Three months ago, we started running Pattern's marketing function differently. Not by hiring differently or changing strategy — by deploying an agentic AI system to handle the execution layer of our content pipeline, with human oversight at the points that matter.
The outputs go out under Pattern's brand. Blog posts, LinkedIn content, newsletter. Customer-facing, representing how we think about the work we do.
This is an honest account of what the governance model actually looks like, and what we've learned running it.
What the system does
The pipeline generates weekly content anchored to a content calendar — a blog post, two LinkedIn posts, and a fortnightly newsletter. It pulls context from the calendar entry, uses examples from our existing published work as style references, and produces drafts for review.
The drafts go through a human review step before publication. That step involves checking for factual accuracy, brand consistency, and whether the content reflects how we'd actually talk about these ideas in conversation. Things that don't pass are rewritten or regenerated.
Then the content publishes on schedule — blog to our CMS, social to Buffer, newsletter to Customer.io — through a separate automation layer.
What works well without much intervention
The structural work: consistent posting schedule, consistent format, consistent style. These are things humans do inconsistently at volume — the sixteenth LinkedIn post of the year gets less care than the first. The AI doesn't have this problem.
First drafts that reflect the content calendar's intent reasonably well. The system knows the pillar, the audience, and the angle. The output is usually in the right territory, and the editing required tends to be refinement rather than reconstruction.
The coordination between pieces — making sure the LinkedIn post reflects the blog, that the newsletter connects the two posts — happens without manual tracking. For a one-person operation, that alone is worth something.

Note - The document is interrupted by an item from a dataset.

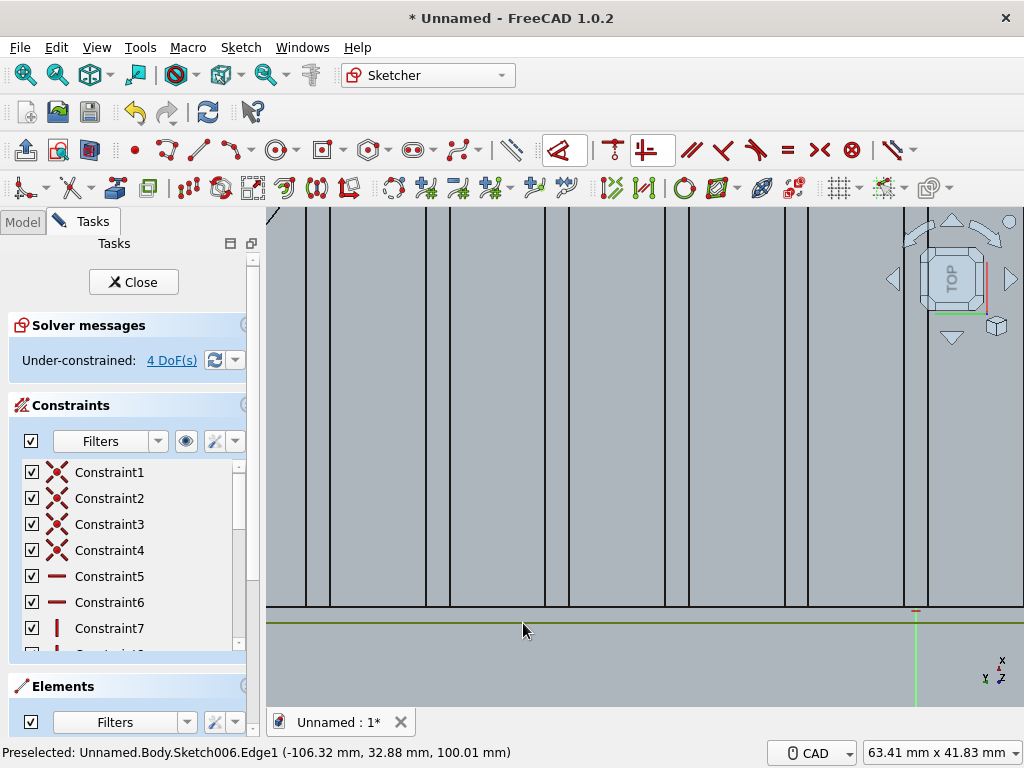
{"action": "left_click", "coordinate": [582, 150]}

Where it still needs more work
Tone calibration has been the ongoing challenge. AI-generated content has specific failure modes that aren't obvious until you've read enough of it: sentences that are slightly too shaped, slightly too clean, slightly too aphoristic. The kind of thing that reads well in isolation but feels over-produced in context. We've updated the style examples and system prompts as we've identified these patterns, and the output has improved. But it's iterative work, not a one-time fix.
Specificity is harder. The system produces confident-sounding content that's sometimes slightly vaguer than we'd like — it generalises where a human writer with deep context would reach for a specific example. This is the kind of thing you catch in review, but it requires the reviewer to know the material well enough to notice.

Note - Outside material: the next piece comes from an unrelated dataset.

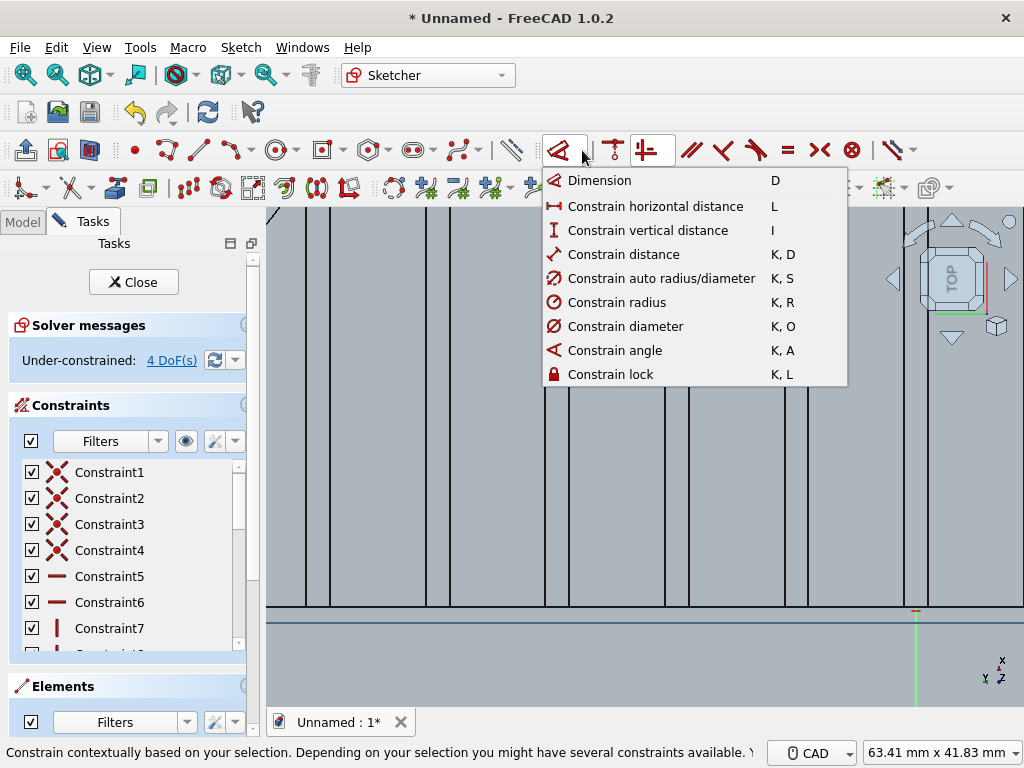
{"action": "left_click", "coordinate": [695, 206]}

The review step itself has more friction than "human oversight" sounds like it should. Reading content carefully enough to evaluate it properly takes time. The efficiency gains are real, but they come from what the system handles without intervention — not from making review faster. That's worth naming clearly, because nominal review is worse than no review.
What we've learned about governance
The governance model that's emerged is less formal than we expected going in, and more specific.
We don't have a comprehensive checklist. We have a small number of things we actively check: factual accuracy, tone against specific failure modes we've learned to recognise, and whether the argument holds up on a second reading. Everything else is a judgement call by the reviewer.
That works because the reviewer is close to the work. It would be a different problem if review could be delegated to someone without that context — which is a constraint worth acknowledging.
The most useful governance input has been tracking what gets edited, not what passes. When we rewrite something during review, we note what changed and why. Three months of those notes reveals a pattern: in the early weeks, edits were structural — whole sections reworked, angles shifted. Now they're more targeted — a sentence loosened here, a generalisation replaced with a specific there. That shift tells us the system is better calibrated than it was, and it tells us where the remaining gaps are.
What this suggests more broadly
Running AI in customer-facing functions isn't mostly a technology problem. It's a calibration problem. The technology can produce competent output across a wide range of situations. The work is in defining precisely what "good" means for your specific context, building feedback loops that surface where the system falls short, and being honest about what the review step actually involves.
The governance doesn't have to be elaborate. It has to be real.
We'll share more on the performance data once we have enough to say something useful. For now, this is an honest snapshot of where things stand three months in — still calibrating, but far enough along that the model is working well enough to keep running.